Questions to ask
- Have performance test workflow(s) been identified?
- Has sanity functional tests been successful. You would not want to carry out performance tests on an application which is functionally broken.
- What does the target system (hardware) look like (specify all server and network appliance configurations)?. Monitor load average, cpu, memory etc on all servers.
These can be easily monitored using top command on unix system.
Don’t forget to monitor health of test agents. load average, cpu utilization, IO, Memory usage are the least you should monitor on test agent. Many a times you would encounter that you hit system limit on load test agent which degrades test results.
- Is test environment same as live environment else test results would have to be extrapolated
- Has benchmarking been done ? (The objective of Benchmark tests is to determine end-to-end timing of various critical business processes and transactions while the system is under low load with a production sized database.)
- Have performance test requirements been identified? They could entail -
- Response Time -
- Is response time with respect to workload identified?
- Is it browser render time or delivery time to browser?
- Are excluded components for ex - calls to 3rd parties beyond the control of system developer defined?
- What is acceptable error rate during the measurement of response time
- Workload Definition -
- What is workload pattern? for ex begin with 1 user, add 1 new user every 5 seconds and extend to 100 users. Notice that if transaction completion time is too short and test is not to be run for longer period repeatedly then you may never have all users up and running at any time since initial set of users would have got past before last user begins transaction
- Duration of test?
- Transactions -
- How many transactions should be completed during load test. This is also known as Throughput.
- Have type of tests been identified ?
- Stress test, Targeted Infrastructure test,
- Soak test (endurance test),
- Volume test (i.e. performance test with large database size etc),
- Failover test (start failing components (servers, routers, etc) and observe how response times are affected during and after the failover and how long the system takes to transition back to steady state)
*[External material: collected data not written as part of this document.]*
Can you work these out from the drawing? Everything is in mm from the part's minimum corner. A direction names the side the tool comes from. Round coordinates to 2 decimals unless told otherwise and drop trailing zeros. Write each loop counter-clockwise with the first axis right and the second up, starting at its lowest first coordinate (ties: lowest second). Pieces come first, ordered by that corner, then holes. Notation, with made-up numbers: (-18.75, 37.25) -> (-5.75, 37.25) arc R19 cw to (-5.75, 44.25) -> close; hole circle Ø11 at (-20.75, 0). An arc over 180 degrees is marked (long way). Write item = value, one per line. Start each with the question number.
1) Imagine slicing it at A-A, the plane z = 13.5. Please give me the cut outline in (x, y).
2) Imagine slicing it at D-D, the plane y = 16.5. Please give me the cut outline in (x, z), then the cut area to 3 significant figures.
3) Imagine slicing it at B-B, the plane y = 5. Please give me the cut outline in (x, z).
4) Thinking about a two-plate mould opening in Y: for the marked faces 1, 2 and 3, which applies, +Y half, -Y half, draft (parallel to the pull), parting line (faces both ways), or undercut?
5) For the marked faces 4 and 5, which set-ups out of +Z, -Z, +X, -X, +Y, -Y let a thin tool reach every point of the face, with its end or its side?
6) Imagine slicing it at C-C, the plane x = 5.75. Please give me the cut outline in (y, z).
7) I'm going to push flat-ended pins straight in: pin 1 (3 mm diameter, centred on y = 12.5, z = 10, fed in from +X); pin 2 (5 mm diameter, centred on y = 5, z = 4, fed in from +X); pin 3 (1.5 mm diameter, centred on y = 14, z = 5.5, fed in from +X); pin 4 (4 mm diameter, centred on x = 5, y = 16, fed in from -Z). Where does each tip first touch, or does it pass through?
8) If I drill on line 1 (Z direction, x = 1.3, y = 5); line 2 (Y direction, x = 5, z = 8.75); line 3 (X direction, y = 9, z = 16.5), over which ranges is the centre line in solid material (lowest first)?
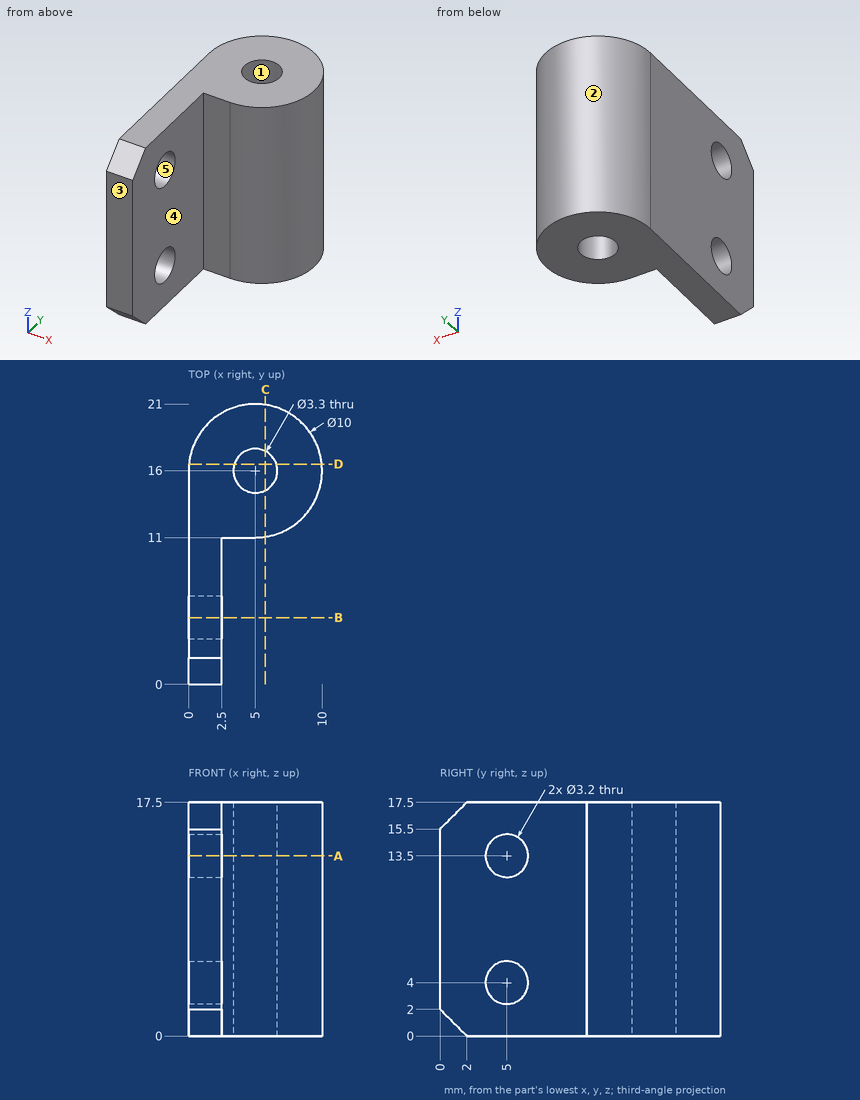
Reported:
q1.outline = (0, 0) -> (2.5, 0) -> (2.5, 3.4) -> (0, 3.4) -> close; (0, 6.6) -> (2.5, 6.6) -> (2.5, 11) -> (5, 11) arc R5 ccw (long way) to (0, 16) -> close; hole circle Ø3.3 at (5, 16)
q2.outline = (0.03, 0) -> (3.43, 0) -> (3.43, 17.5) -> (0.03, 17.5) -> close; (6.57, 0) -> (9.97, 0) -> (9.97, 17.5) -> (6.57, 17.5) -> close
q2.area = 119 mm²
q3.outline = (0, 0) -> (2.5, 0) -> (2.5, 2.4) -> (0, 2.4) -> close; (0, 5.6) -> (2.5, 5.6) -> (2.5, 11.9) -> (0, 11.9) -> close; (0, 15.1) -> (2.5, 15.1) -> (2.5, 17.5) -> (0, 17.5) -> close
q4.face_1 = undercut
q4.face_2 = parting line
q4.face_3 = -Y half
q5.face_4 = +Z, -Z, +X, -Y
q5.face_5 = +X, -X
q6.outline = (11.06, 0) -> (14.53, 0) -> (14.53, 17.5) -> (11.06, 17.5) -> close; (17.47, 0) -> (20.94, 0) -> (20.94, 17.5) -> (17.47, 17.5) -> close
q7.pin_1 = 9.58
q7.pin_2 = 2.5
q7.pin_3 = 9.84
q7.pin_4 = 0
q8.line_1 = 0 to 2.4, 5.6 to 11.9, 15.1 to 17.5
q8.line_2 = 11 to 14.35, 17.65 to 21
q8.line_3 = 0 to 2.5

- Network Sensitivity tests (measure the impact of that traffic on an application that is bandwidth dependant)
- Have performance measure characteristics been identified? for ex -
- System performance characteristics -
The load average represents the average system load over a period of time. It conventionally appears in the form of three numbers which represent the system load during the last one-, five-, and fifteen-minute periods.
It’s (almost always) interpreted relative to the number of cores you have, so load average of 4 on a 4 core box probably means the box is saturated. http://stackoverflow.com/questions/21617500/understanding-load-average-vs-cpu-usage
- CPU, broken out by process including I/O wait time, user/system time, idle time >
How does your total CPU usage compare to load average? If you’ve routinely got a load average of 4 but your CPU usage is always under 50% (aggregated across all cores), then you’ve got some disk or network bottlenecks that aren’t letting you take advantage of all your cores.
- Memory usage, broken out by process, and used, cached, free >
What does your memory usage look like? Is free + cached memory very close to zero? Most apps, daemons, etc. will work much better with a sizeable disk cache. You don’t want to completely exhaust system memory or you’ll start swapping to disk, and that’s very bad. How much free (unused, non-cached) memory do you have? How does this vary over time? Tune your processes to use that free memory. But keep enough (a small margin, perhaps 10% of total) in reserve for sudden spikes.
- Disk activity, including requests and bytes read/written per second
- Network bytes read/written per second
- Is your web server dumping nearly a MB/sec to disk during normal operations? That could be some poorly tuned logging from apache or one of your applications. Turn that chattiness down to get more performance.
- Server Response Time - This refers to the time taken for one system node to respond to the request of another. A simple example would be a HTTP 'GET' request from browser client to web server. In terms of response time this is what all load testing tools actually measure. It may be relevant to set server response time goals between all nodes of the system.
some performance data collection tools - performance data, I like collectd, RRDTool, DStat, and IOStat.
You may like to learn more about linux performance management commands
- client-side, perceived performance-
- distribution of response times (or at least mean, median and 90%) Load-testing tools have difficulty measuring render-response time, since they generally have no concept of what happens within a node apart from recognizing a period of time where there is no activity 'on the wire'. To measure render response time, it is generally necessary to include functional test scripts as part of the performance test scenario. Many load testing tools do not offer this feature.
- counts of successful (probably 200 OK) and failed (anything else) responses
- throughput in total time to run a certain number of reports
- server-side errors and per-request details-
- You’ll almost certainly uncover some errors under load. You’ll want to make sure your application (and other server processes) have a reasonable amount of logging. Debug logging could result in lots of unnecessary disk writes, so be sure to turn those off. But it’s certainly okay to log errors for perf tests and in production. It’s also a good idea to have Apache request logging, including timing turned on so you can see responses the server gave out, and the time to process them. This will back up what you’re recording at the client.